UTRdb 2.0

Content
- Description: sequences and regulatory motifs of untranslated regions of eukaryotic mRNAs
- Organisms: Eukaryotes

Contact
- Laboratory: Università degli Studi di Bari, Piazza Umberto I, 1, 70121 Bari BA, Italy
- Authors: Claudio Lo Giudice
- Primary citation: Lo Giudice & al. (2023)

Access
- Website: http://utrdb.cloud.ba.infn.it/utrdb/

= UTRdb =

UTRdb 2.0 is an updated version of the specialized database UTRdb, which focuses on the 5' and 3' untranslated regions (UTRs) of eukaryotic mRNAs. These UTRs play essential roles in the post-transcriptional regulation of gene expression by influencing various processes, including nucleo-cytoplasmic mRNA transport, translation efficiency, subcellular localization, and mRNA stability. Since its launch in 1996, UTRdb has been a valuable resource for researchers studying UTR sequences and their functional implications.

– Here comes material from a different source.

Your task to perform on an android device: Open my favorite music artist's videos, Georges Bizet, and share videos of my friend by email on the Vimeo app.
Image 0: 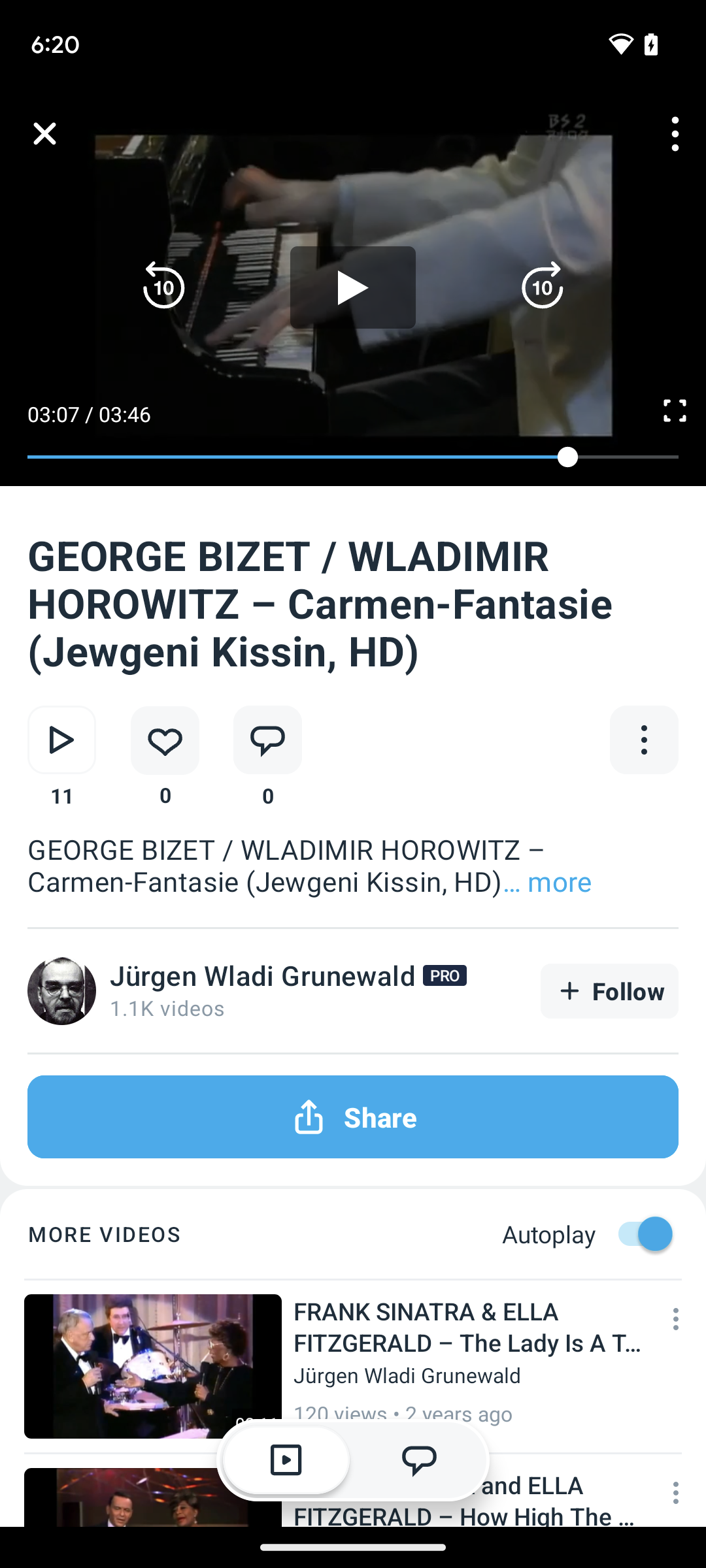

== Content and features ==

UTRdb 2.0 contains a comprehensive collection of over 26 million entries, derived from more than 6 million genes across 573 species. The database is enriched with a curated set of functional annotations to enhance the understanding of UTR function. These annotations include:

- CAGE tags: marking the completeness of 5' UTRs
- PolyA signals: indicating the completeness of 3' UTRs
- uORFs and IRES: annotating upstream open reading frames (uORFs) and internal ribosome entry sites (IRES) in 5' UTRs
- miRNA targets: annotating experimentally validated miRNA targets in 3' UTRs
- Evolutionarily conserved blocks: identifying conserved regions across species
- Rfam motifs: recognizing RNA motifs associated with function
- ADAR-mediated RNA editing: annotating RNA editing events mediated by the ADAR enzyme
- m6A modifications: marking mRNA modifications related to N6-methyladenosine

== Web interface and access ==

UTRdb 2.0 provides a flexible web interface that allows users to select and retrieve subsets of UTRs based on various criteria. This tool offers comprehensive download options to access the data for further analysis.